How do you help people whose communication skills have been impaired by stroke?

We start by examining all parameters of communication including language comprehension and the person's ability to find the right words and express entire thoughts. We also assess the quality of the voice and the ability to articulate clearly. Once we have determined both their capabilities and the areas in which they have difficulty, we can target treatment strategies for developing means of communication. It is important that patients recovering from stroke are able to communicate their needs. And for those patients who have lost their ability to understand what is being said to them, we start building those skills.

How long does it take to recover?

Everyone's recovery is different, depending on the location and severity of the stroke. Most spontaneous recovery occurs in the first three to six months following the stroke.
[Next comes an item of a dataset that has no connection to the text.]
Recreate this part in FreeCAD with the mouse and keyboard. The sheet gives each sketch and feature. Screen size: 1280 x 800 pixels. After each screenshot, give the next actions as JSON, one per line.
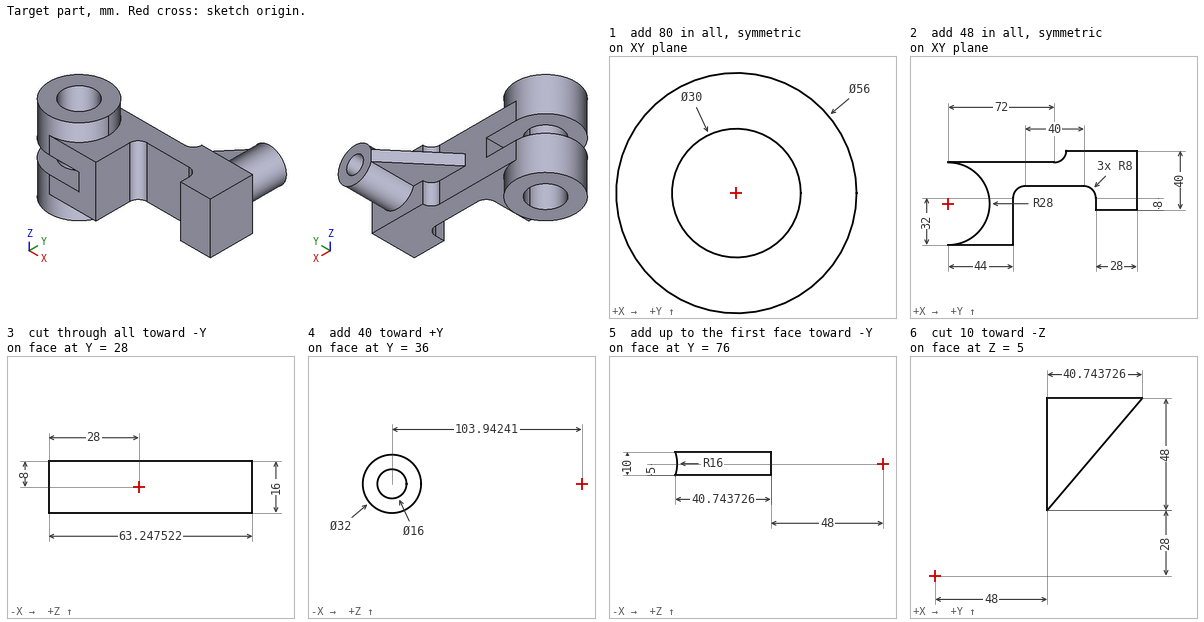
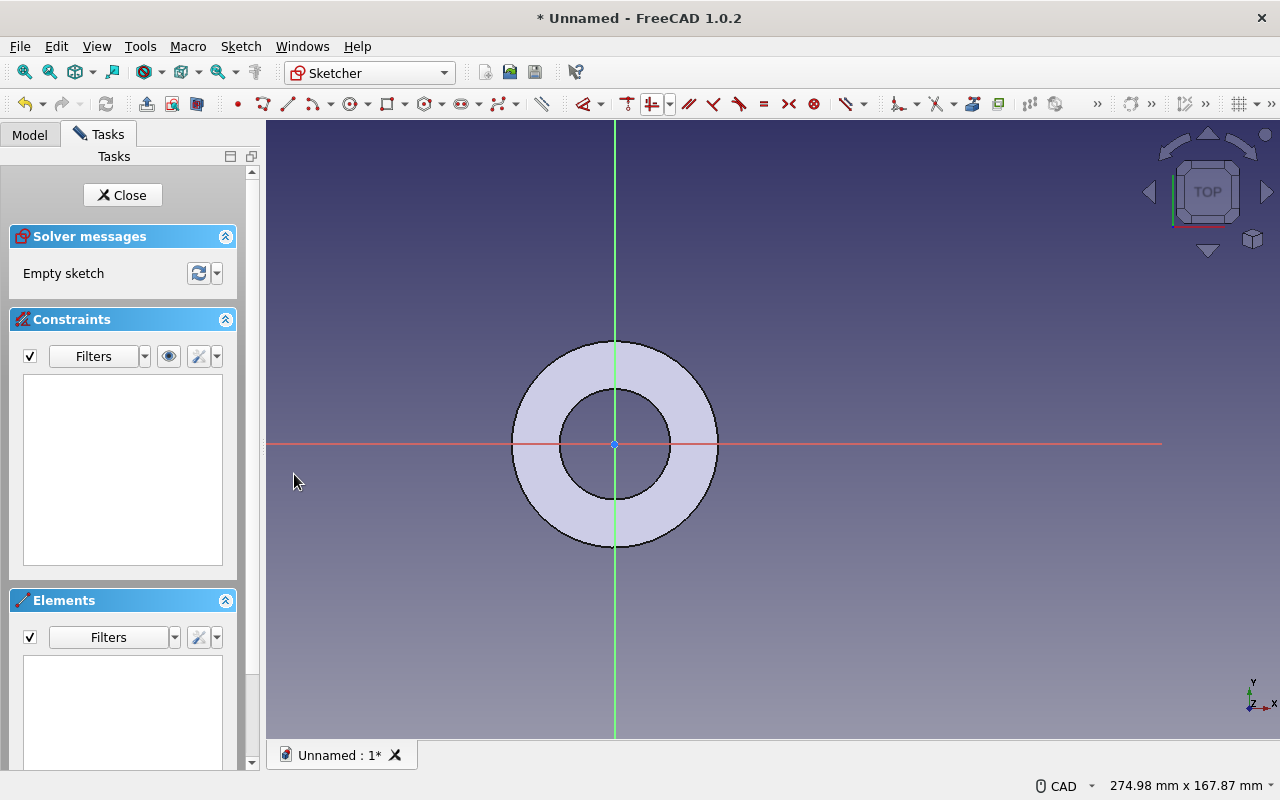
{"action": "key", "text": "g l"}

Speech-language therapists can help patients make the most of that recovery and we can help patients develop compensatory strategies for areas in which they will not fully regain their abilities.

The more we challenge and stimulate the brain, the more likely we are to continue to make gains over time. This means that people should continue talking even if it is difficult. They should try to read and write and attempt to learn new skills. For many of the elderly this might even include learning to use a computer. Through continual use of each different communication mode affected by the stroke, many people continue to improve. Some recoveries are pretty miraculous.

Phyllis Mazurski is a speech-language pathologist in the Department of Rehabilitation at Cayuga Medical Center. She holds a master's degree in speech pathology from Boston University and has 20 years of rehabilitation experience, primarily in the hospital setting. She sees inpatients on the Medical Rehabilitation Unit and sees outpatients on referral from their physicians.